Darrin Baker on the bridge of his ship, the Island Venture 1, the host vessel of many of OTN’s tagging expeditions and other scientific outings in Atlantic Canada in recent years. Indeed, Baker founded his company, Baker Blue Ocean, in response to the needs of OTN and other area scientists to rent qualified ships for research purposes. And as with Maritime bioLoggers, Baker Blue Ocean’s creation enhanced and expanded the region’s combined scientific and seafaring community.


A large fishing boat moves through calm water, with a pale blue hue colouring the sky and water surface. A spit of land is visible in the background.

The Island Venture 1 steams home after another day of research in Atlantic waters. Knowledge of the populations, feeding habits and migratory paths of fish, aquatic mammals and other sea creatures, gained in recent years through the rise of sophisticated tagging and tracking techniques, is of fundamental importance in establishing sustainable catches and otherwise safeguarding the health and viability of ocean life.


A seal lies on a beach wearing a tracking device with a short antenna on its head.

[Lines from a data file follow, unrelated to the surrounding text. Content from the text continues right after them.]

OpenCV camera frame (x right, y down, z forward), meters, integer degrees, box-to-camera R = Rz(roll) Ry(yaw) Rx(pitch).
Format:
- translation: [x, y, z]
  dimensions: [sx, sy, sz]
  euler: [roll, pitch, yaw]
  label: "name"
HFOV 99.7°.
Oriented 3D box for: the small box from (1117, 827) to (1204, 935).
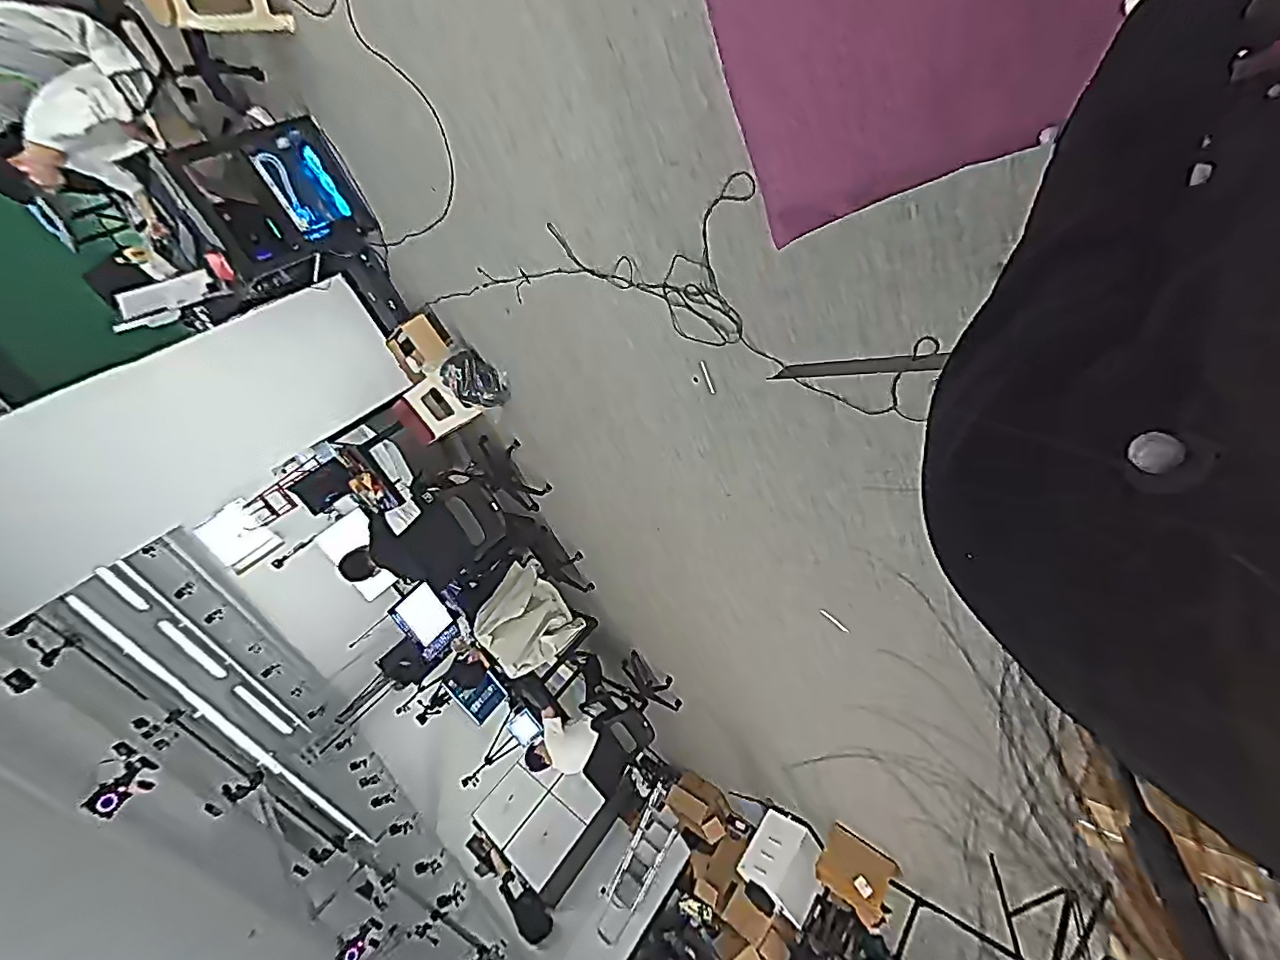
- translation: [1.565, 1.196, 1.627]
  dimensions: [0.179, 0.176, 0.168]
  euler: [6, 130, 48]
  label: "small box"
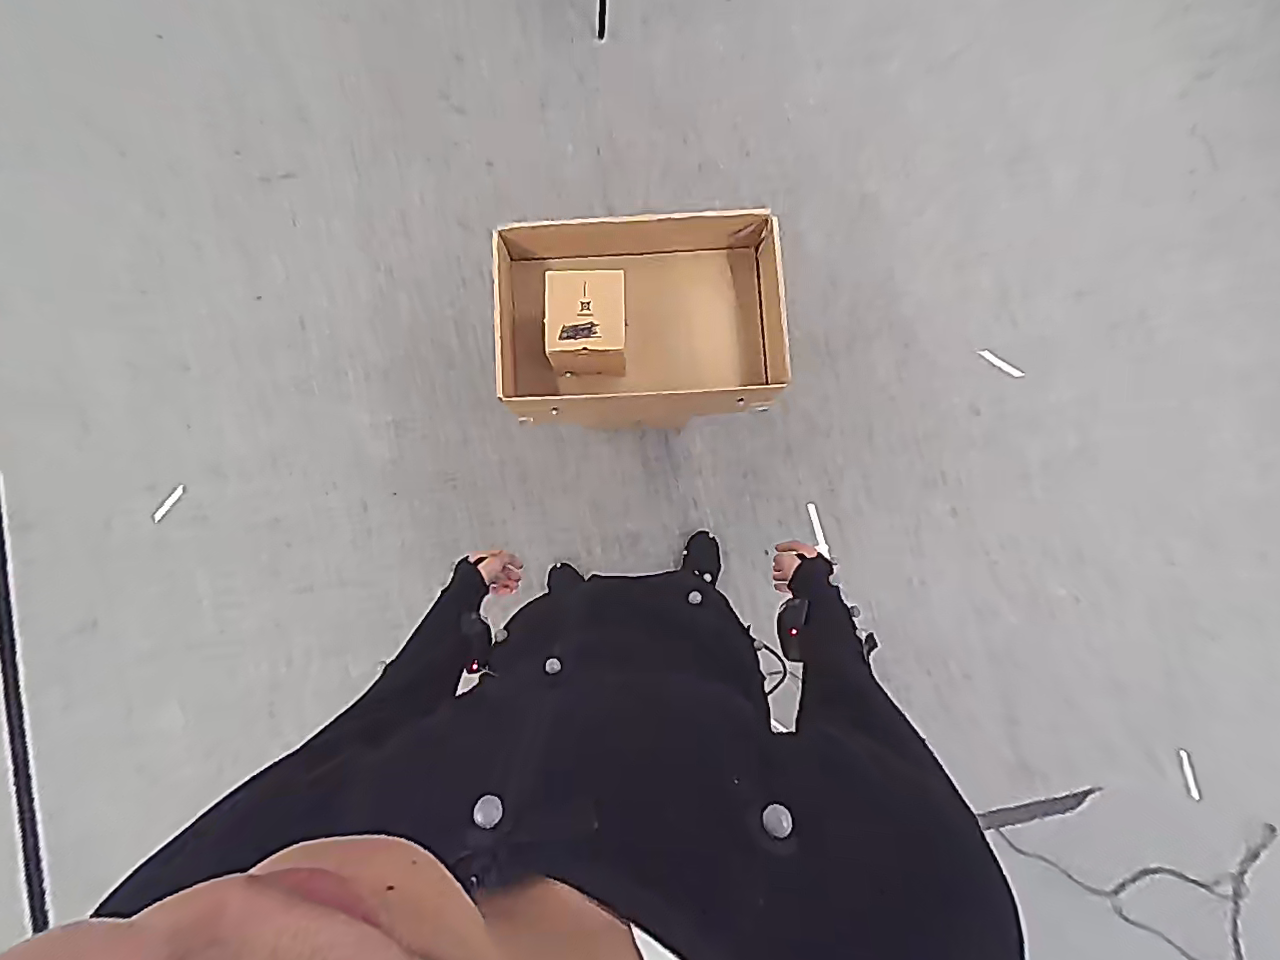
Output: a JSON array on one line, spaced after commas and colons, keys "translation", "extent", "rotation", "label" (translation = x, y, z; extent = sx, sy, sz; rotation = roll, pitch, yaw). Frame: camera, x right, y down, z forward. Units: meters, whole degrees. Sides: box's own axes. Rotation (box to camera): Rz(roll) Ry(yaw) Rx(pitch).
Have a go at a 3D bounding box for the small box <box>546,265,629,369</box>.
[{"translation": [-0.109, -0.349, 1.186], "extent": [0.168, 0.176, 0.179], "rotation": [0, 84, 0], "label": "small box"}]
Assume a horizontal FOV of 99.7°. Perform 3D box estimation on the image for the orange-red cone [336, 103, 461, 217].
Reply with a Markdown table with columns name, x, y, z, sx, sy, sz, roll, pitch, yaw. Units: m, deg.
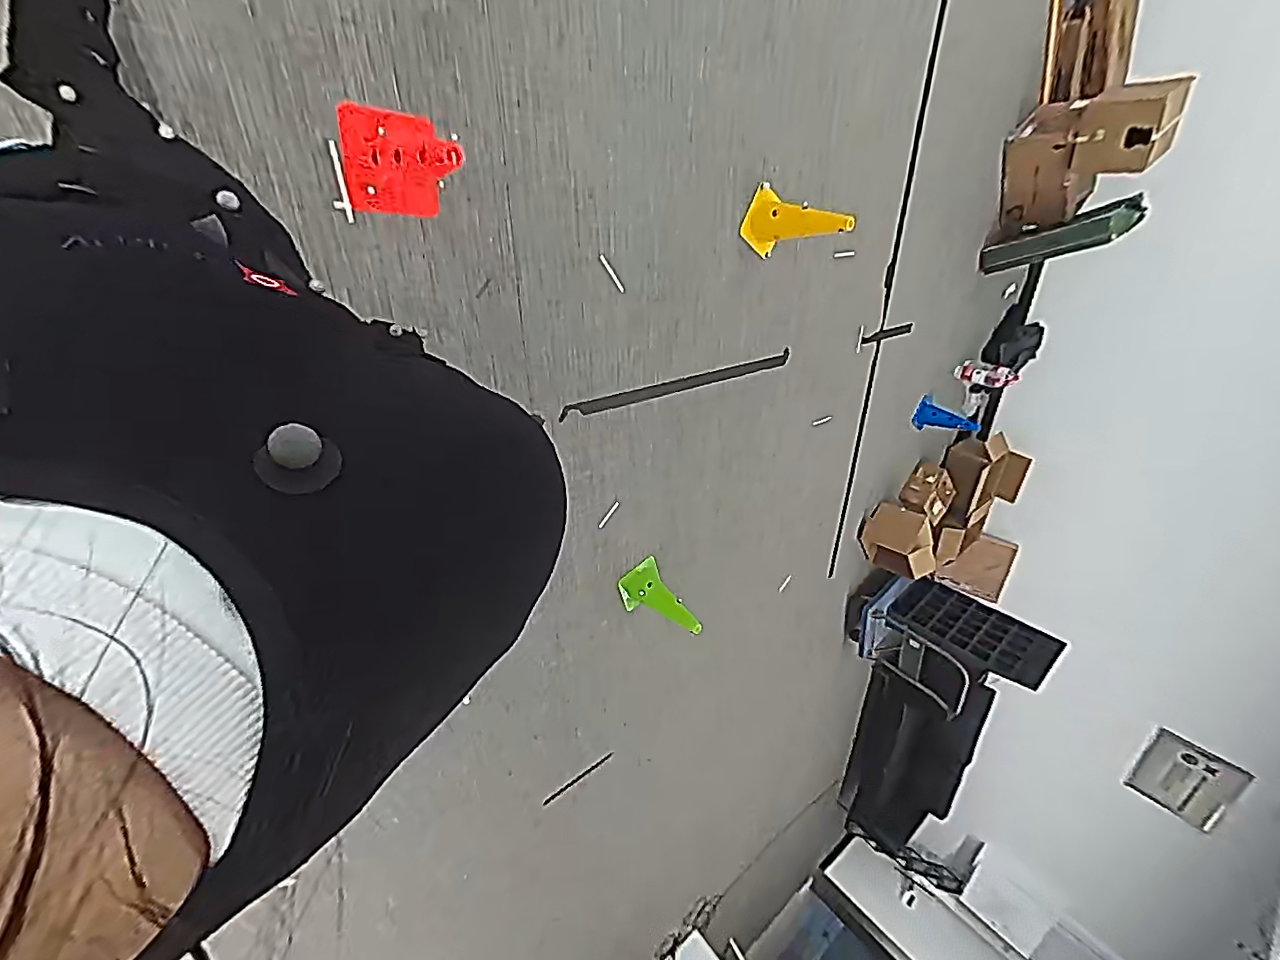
| name | x | y | z | sx | sy | sz | roll | pitch | yaw |
| --- | --- | --- | --- | --- | --- | --- | --- | --- | --- |
| orange-red cone | -0.444 | -0.633 | 1.074 | 0.199 | 0.360 | 0.198 | -14 | 121 | -39 |

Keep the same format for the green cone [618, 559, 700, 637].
| name | x | y | z | sx | sy | sz | roll | pitch | yaw |
| --- | --- | --- | --- | --- | --- | --- | --- | --- | --- |
| green cone | 0.106 | 0.513 | 2.185 | 0.202 | 0.368 | 0.200 | -34 | 130 | -23 |

A double-tagged grey seal lounges on the sunny shore of Sable Island, indifferent, it seems, to the GPS unit on its head and the VEMCO mobile transceiver on its back. The units give researchers real-time information on the seal’s location and interactions with other tagged animals. The tags are attached in July and recovered during mating season on Sable Island in January. Grey seals are found on both the North American and European Atlantic coasts, with the largest colony anywhere on Sable Island.

Photo: Damian Lidgard


A bright yellow jet-shaped device moves across the navy-blue surface of the ocean with an overcast sky in the background.

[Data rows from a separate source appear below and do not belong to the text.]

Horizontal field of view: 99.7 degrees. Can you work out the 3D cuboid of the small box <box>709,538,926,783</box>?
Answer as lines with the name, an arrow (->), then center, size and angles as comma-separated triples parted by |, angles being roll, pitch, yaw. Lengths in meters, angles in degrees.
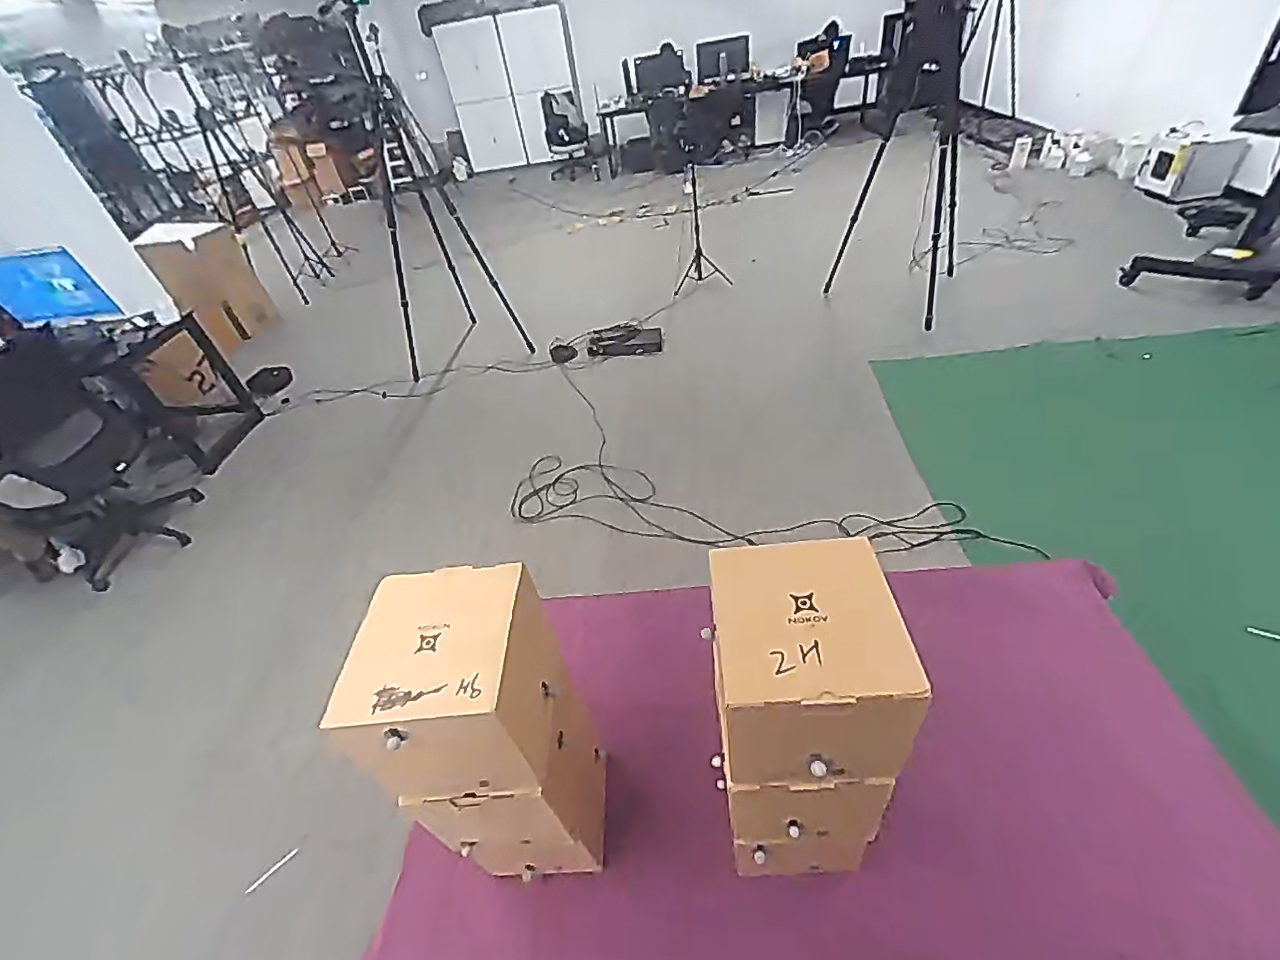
small box -> 0.161, 0.183, 0.551 | 0.168, 0.176, 0.179 | -6, 41, 6

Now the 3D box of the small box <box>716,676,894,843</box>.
small box -> 0.182, 0.310, 0.653 | 0.168, 0.176, 0.179 | -6, 41, 6

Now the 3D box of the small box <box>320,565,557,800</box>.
small box -> -0.195, 0.219, 0.590 | 0.168, 0.176, 0.179 | -8, 39, 6

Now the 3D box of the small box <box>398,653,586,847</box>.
small box -> -0.171, 0.347, 0.691 | 0.168, 0.176, 0.179 | -7, 39, 6

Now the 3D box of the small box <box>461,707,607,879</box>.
small box -> -0.146, 0.464, 0.803 | 0.168, 0.176, 0.179 | -7, 41, 6

Not a downed mini-jet, but an Ocean Tracking Network Slocum glider, a remote-controlled, remotely-programmable diving device designed to measure diverse ocean conditions, plies the ocean. It is valuable in providing context for the activities of tagged and tracked species.

Photo: Richard Davis


People lean over the side of a boat watching a blue shark swim through the water close by.

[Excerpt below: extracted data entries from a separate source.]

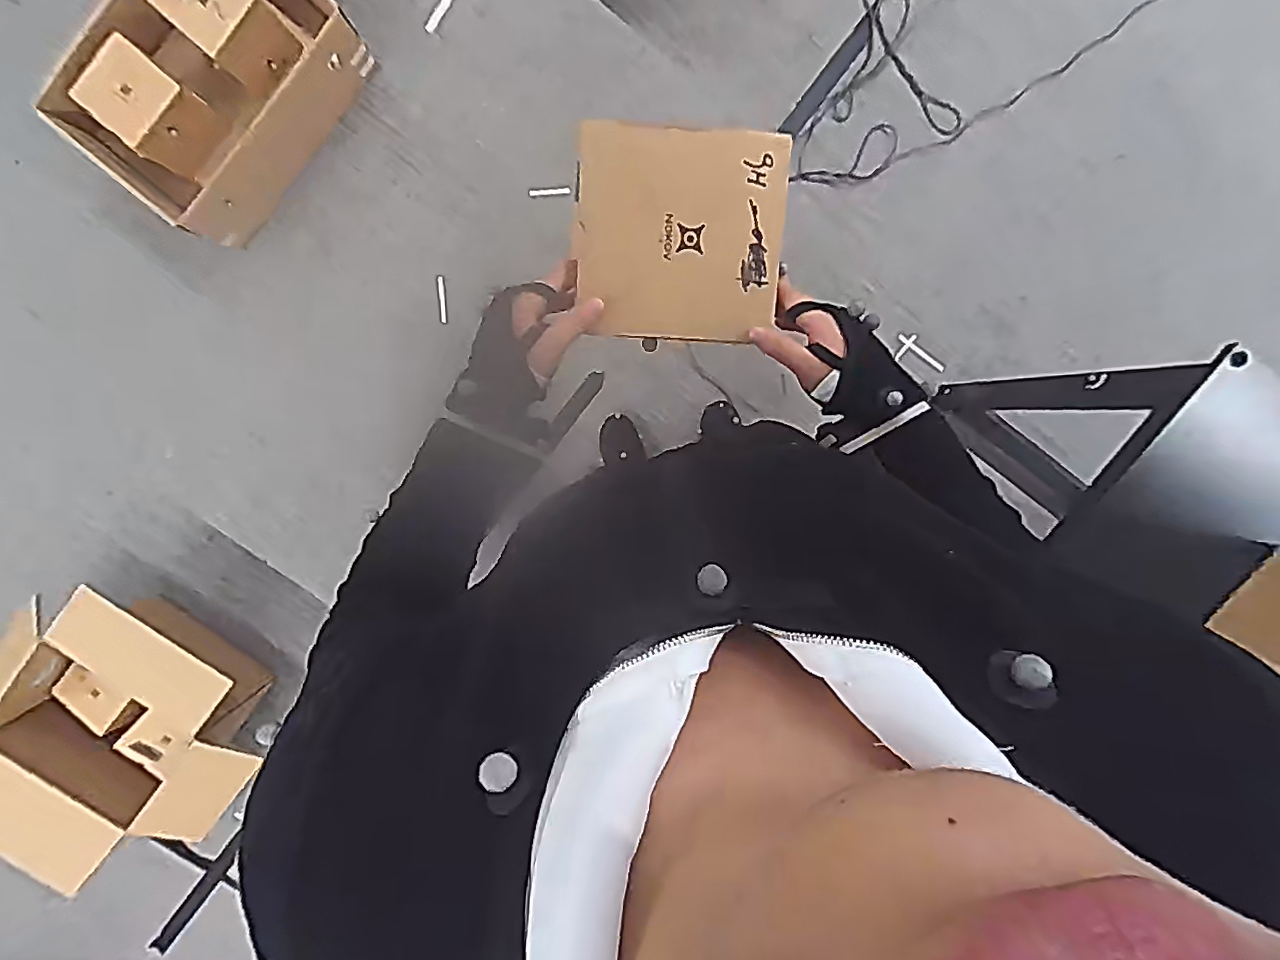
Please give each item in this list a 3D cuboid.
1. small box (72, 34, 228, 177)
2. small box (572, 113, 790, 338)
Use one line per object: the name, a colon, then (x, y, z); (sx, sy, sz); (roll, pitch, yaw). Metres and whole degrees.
small box: (-1.114, -0.849, 1.248); (0.168, 0.176, 0.179); (41, 93, -8)
small box: (0.029, -0.230, 0.533); (0.179, 0.176, 0.168); (2, 104, -3)

A research vessel on a tagging expedition cruises close to a blue shark in waters off Nova Scotia.  Scientists were seeking data on the sharks’ preferred hangouts, as well as their marathon migration patterns, commonly from Canadian waters to those off South America. The information could help gauge the blue shark’s capacity to survive human predation: millions are killed annually for meat, leather and sport.

Photo: Nikki Beauchamp


A salmon swims away through shallow water over a pebbly river bottom.

 An Atlantic salmon kelt — a kelt is a salmon after spawning — plays out its last days on the gravelly bed of its natal stream. The fish had been tagged in the Bras d’Or Lakes UNESCO Biosphere Reserve — the entire watershed of Cape Breton’s celebrated inland saltwater sea — and later identified by a monitoring system set up at the stream mouth.

Photo: Xavier Bordeleau


Photographed underwater, two divers are shown attaching a piece of monitoring technology to a large, vertical shaft of some kind,  while an ornate fish with frilly fins swims nearby.

A pair of human technicians secures a monitor on the seabed off the coast of South Africa, part of an Ocean Tracking Network array of monitoring devices. A lionfish keeps a careful eye on the proceedings. In this commonly used tracking system, a long line of monitors is installed on the sea floor, capable of identifying every tagged creature that passes overhead.